Hace apenas unos pocos miles de años, el ser humano necesitaba un sistema de alerta que una vez encendido le ponía en condición de huir o de atacar. El miedo era el detonante y este dispositivo de supervivencia una vez pasada la situación de peligro era desconectado y se volvía a la normalidad. El corazón y la respiración recuperaban su ritmo, los músculos se relajaban y nuestro cavernícola volvía rápidamente a ocupar su mente en la recolección y la caza, en la fabricación de utensilios o en la reproducción.

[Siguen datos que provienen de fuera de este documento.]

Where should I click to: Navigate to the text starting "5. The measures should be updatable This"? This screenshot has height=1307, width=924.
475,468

La humanidad era bastante homogénea y la economía era de supervivencia. La esperanza de vida en el mejor de los casos rondaba los treinta años. Pero un día apareció la agricultura, los excedentes, los que manejaron esos excedentes y los que trabajaban cada vez más para aumentarlos, creándose las clases sociales y la forma de perpetuarlas: el uso del poder, la fuerza y el miedo a escala cada vez mayor, para conservar esos privilegios y heredarlos. En ese afán producto de nuestro cerebro de bestia y de la selección natural, la humanidad no se ha detenido ante nada durante toda su historia. Se han arrasado culturas, se han exterminado razas, se ha expoliado, violado, perseguido, torturado y asesinado, muchas veces incluso poniendo a la religión como excusa. Seguimos presenciando matanzas y exterminios, incluso en el suelo de nuestra civilizada Europa, como el de hace apenas unos años en la antigua Yugoslavia, ante la mirada indiferente de sus “cultos” vecinos. En la guerra el miedo es imbatible, la verdad la primera víctima y los únicos que ganan son los vendedores de armas.

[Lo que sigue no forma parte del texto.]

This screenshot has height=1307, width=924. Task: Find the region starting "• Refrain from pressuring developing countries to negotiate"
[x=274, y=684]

Actualmente hay más de 30 guerras en el mundo y tres mil millones de personas viven en la miseria absoluta. Casi la mitad de la población mundial ni siquiera tiene acceso a agua potable. Cada segundo muere un niño de hambre, pero incluso en nuestra “moderna” sociedad globalizada, nuestras mentes frenéticas disparan alarmas constantemente ante la simple idea de lo que puede pasar, ante la insatisfacción creciente por vivir en un mundo en cuyo destino podemos influir cada vez menos, y que controla cada vez más nuestra realidad personal y define nuestras expectativas materiales y sociales. En suma, un entorno que nos frustra como individuos y que nos obliga a competir aterrorizados, sin saber con qué. Como un caballo desbocado que va a toda velocidad a ninguna parte.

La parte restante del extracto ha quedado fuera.